EXERCISE OBJECTIVE »
Apart from the pictures, write out the records that follow exactly.

-*-

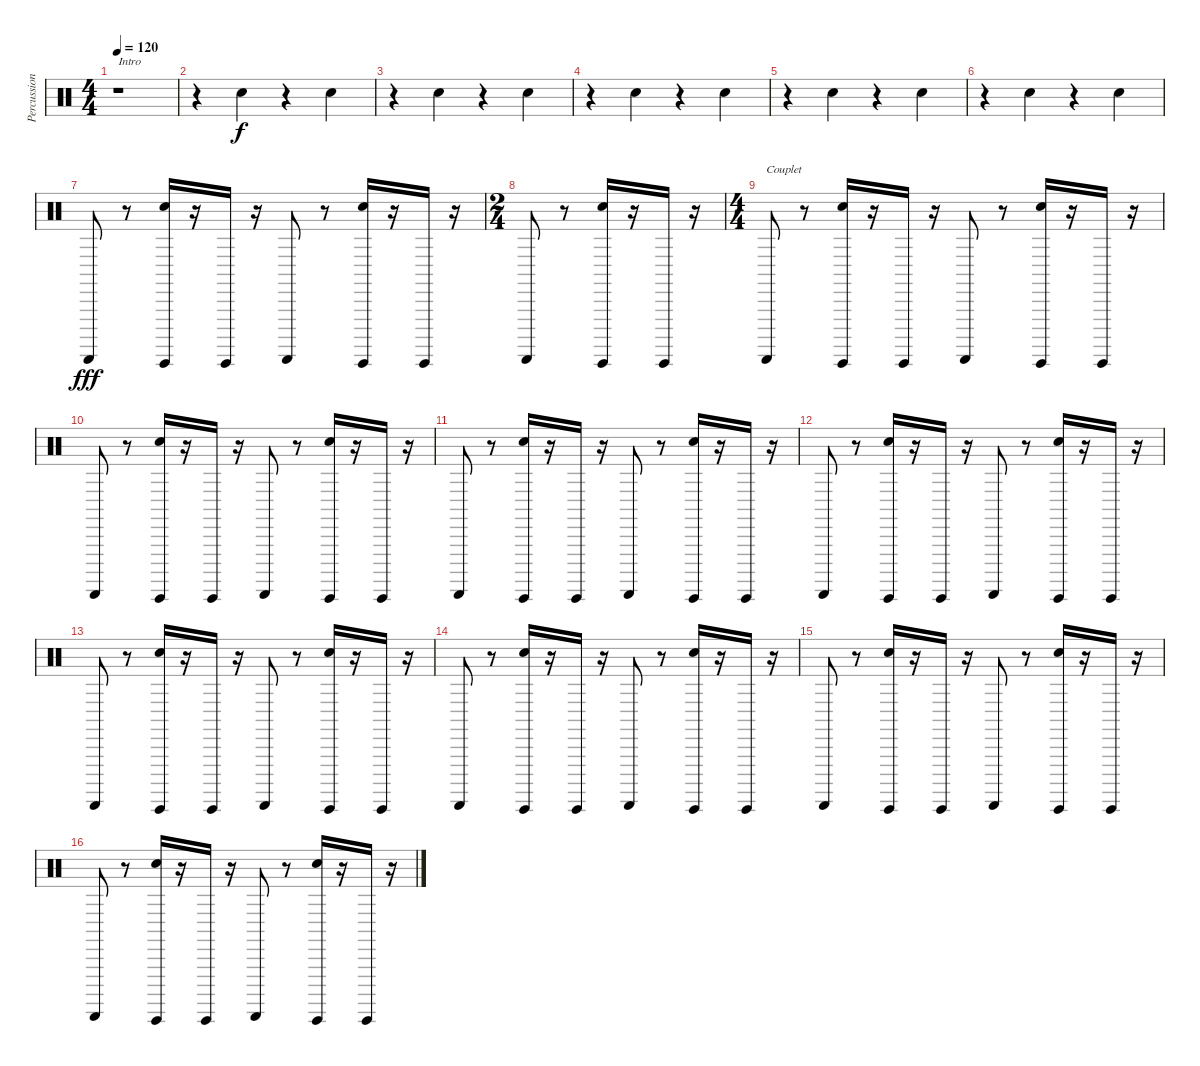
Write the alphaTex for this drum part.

\track ("Percussions" "Percussion") {instrument percussion}
\staff {score}
\articulation defaults
\ts (4 4)
\tempo 120
\clef neutral
\ks c
r.1{txt "Intro" dy f} |
r.4 "Hand Clap (hit)".4 r.4 "Hand Clap (hit)".4 |
r.4 "Hand Clap (hit)".4 r.4 "Hand Clap (hit)".4 |
r.4 "Hand Clap (hit)".4 r.4 "Hand Clap (hit)".4 |
r.4 "Hand Clap (hit)".4 r.4 "Hand Clap (hit)".4 |
r.4 "Hand Clap (hit)".4 r.4 "Hand Clap (hit)".4 |
"Guiro (scrap-return)".8{dy fff} r.8 ("Guiro (hit)" "Hand Clap (hit)").16 r.16 "Guiro (hit)".16 r.16 "Guiro (scrap-return)".8 r.8 ("Guiro (hit)" "Hand Clap (hit)").16 r.16 "Guiro (hit)".16 r.16 |
\ts (2 4)
"Guiro (scrap-return)".8 r.8 ("Guiro (hit)" "Hand Clap (hit)").16 r.16 "Guiro (hit)".16 r.16 |
\ts (4 4)
"Guiro (scrap-return)".8{txt "Couplet"} r.8 ("Guiro (hit)" "Hand Clap (hit)").16 r.16 "Guiro (hit)".16 r.16 "Guiro (scrap-return)".8 r.8 ("Guiro (hit)" "Hand Clap (hit)").16 r.16 "Guiro (hit)".16 r.16 |
"Guiro (scrap-return)".8 r.8 ("Guiro (hit)" "Hand Clap (hit)").16 r.16 "Guiro (hit)".16 r.16 "Guiro (scrap-return)".8 r.8 ("Guiro (hit)" "Hand Clap (hit)").16 r.16 "Guiro (hit)".16 r.16 |
"Guiro (scrap-return)".8 r.8 ("Guiro (hit)" "Hand Clap (hit)").16 r.16 "Guiro (hit)".16 r.16 "Guiro (scrap-return)".8 r.8 ("Guiro (hit)" "Hand Clap (hit)").16 r.16 "Guiro (hit)".16 r.16 |
"Guiro (scrap-return)".8 r.8 ("Guiro (hit)" "Hand Clap (hit)").16 r.16 "Guiro (hit)".16 r.16 "Guiro (scrap-return)".8 r.8 ("Guiro (hit)" "Hand Clap (hit)").16 r.16 "Guiro (hit)".16 r.16 |
"Guiro (scrap-return)".8 r.8 ("Guiro (hit)" "Hand Clap (hit)").16 r.16 "Guiro (hit)".16 r.16 "Guiro (scrap-return)".8 r.8 ("Guiro (hit)" "Hand Clap (hit)").16 r.16 "Guiro (hit)".16 r.16 |
"Guiro (scrap-return)".8 r.8 ("Guiro (hit)" "Hand Clap (hit)").16 r.16 "Guiro (hit)".16 r.16 "Guiro (scrap-return)".8 r.8 ("Guiro (hit)" "Hand Clap (hit)").16 r.16 "Guiro (hit)".16 r.16 |
"Guiro (scrap-return)".8 r.8 ("Guiro (hit)" "Hand Clap (hit)").16 r.16 "Guiro (hit)".16 r.16 "Guiro (scrap-return)".8 r.8 ("Guiro (hit)" "Hand Clap (hit)").16 r.16 "Guiro (hit)".16 r.16 |
"Guiro (scrap-return)".8 r.8 ("Guiro (hit)" "Hand Clap (hit)").16 r.16 "Guiro (hit)".16 r.16 "Guiro (scrap-return)".8 r.8 ("Guiro (hit)" "Hand Clap (hit)").16 r.16 "Guiro (hit)".16 r.16

-*-

TASK ANSWER »
Write the alphaTex for this drum part.

\track ("Percussions" "Percussion") {instrument percussion}
\staff {score}
\articulation defaults
\ts (4 4)
\tempo 120
\clef neutral
\ks c
r.1{txt "Intro" dy f} |
r.4 "Hand Clap (hit)".4 r.4 "Hand Clap (hit)".4 |
r.4 "Hand Clap (hit)".4 r.4 "Hand Clap (hit)".4 |
r.4 "Hand Clap (hit)".4 r.4 "Hand Clap (hit)".4 |
r.4 "Hand Clap (hit)".4 r.4 "Hand Clap (hit)".4 |
r.4 "Hand Clap (hit)".4 r.4 "Hand Clap (hit)".4 |
"Guiro (scrap-return)".8{dy fff} r.8 ("Guiro (hit)" "Hand Clap (hit)").16 r.16 "Guiro (hit)".16 r.16 "Guiro (scrap-return)".8 r.8 ("Guiro (hit)" "Hand Clap (hit)").16 r.16 "Guiro (hit)".16 r.16 |
\ts (2 4)
"Guiro (scrap-return)".8 r.8 ("Guiro (hit)" "Hand Clap (hit)").16 r.16 "Guiro (hit)".16 r.16 |
\ts (4 4)
"Guiro (scrap-return)".8{txt "Couplet"} r.8 ("Guiro (hit)" "Hand Clap (hit)").16 r.16 "Guiro (hit)".16 r.16 "Guiro (scrap-return)".8 r.8 ("Guiro (hit)" "Hand Clap (hit)").16 r.16 "Guiro (hit)".16 r.16 |
"Guiro (scrap-return)".8 r.8 ("Guiro (hit)" "Hand Clap (hit)").16 r.16 "Guiro (hit)".16 r.16 "Guiro (scrap-return)".8 r.8 ("Guiro (hit)" "Hand Clap (hit)").16 r.16 "Guiro (hit)".16 r.16 |
"Guiro (scrap-return)".8 r.8 ("Guiro (hit)" "Hand Clap (hit)").16 r.16 "Guiro (hit)".16 r.16 "Guiro (scrap-return)".8 r.8 ("Guiro (hit)" "Hand Clap (hit)").16 r.16 "Guiro (hit)".16 r.16 |
"Guiro (scrap-return)".8 r.8 ("Guiro (hit)" "Hand Clap (hit)").16 r.16 "Guiro (hit)".16 r.16 "Guiro (scrap-return)".8 r.8 ("Guiro (hit)" "Hand Clap (hit)").16 r.16 "Guiro (hit)".16 r.16 |
"Guiro (scrap-return)".8 r.8 ("Guiro (hit)" "Hand Clap (hit)").16 r.16 "Guiro (hit)".16 r.16 "Guiro (scrap-return)".8 r.8 ("Guiro (hit)" "Hand Clap (hit)").16 r.16 "Guiro (hit)".16 r.16 |
"Guiro (scrap-return)".8 r.8 ("Guiro (hit)" "Hand Clap (hit)").16 r.16 "Guiro (hit)".16 r.16 "Guiro (scrap-return)".8 r.8 ("Guiro (hit)" "Hand Clap (hit)").16 r.16 "Guiro (hit)".16 r.16 |
"Guiro (scrap-return)".8 r.8 ("Guiro (hit)" "Hand Clap (hit)").16 r.16 "Guiro (hit)".16 r.16 "Guiro (scrap-return)".8 r.8 ("Guiro (hit)" "Hand Clap (hit)").16 r.16 "Guiro (hit)".16 r.16 |
"Guiro (scrap-return)".8 r.8 ("Guiro (hit)" "Hand Clap (hit)").16 r.16 "Guiro (hit)".16 r.16 "Guiro (scrap-return)".8 r.8 ("Guiro (hit)" "Hand Clap (hit)").16 r.16 "Guiro (hit)".16 r.16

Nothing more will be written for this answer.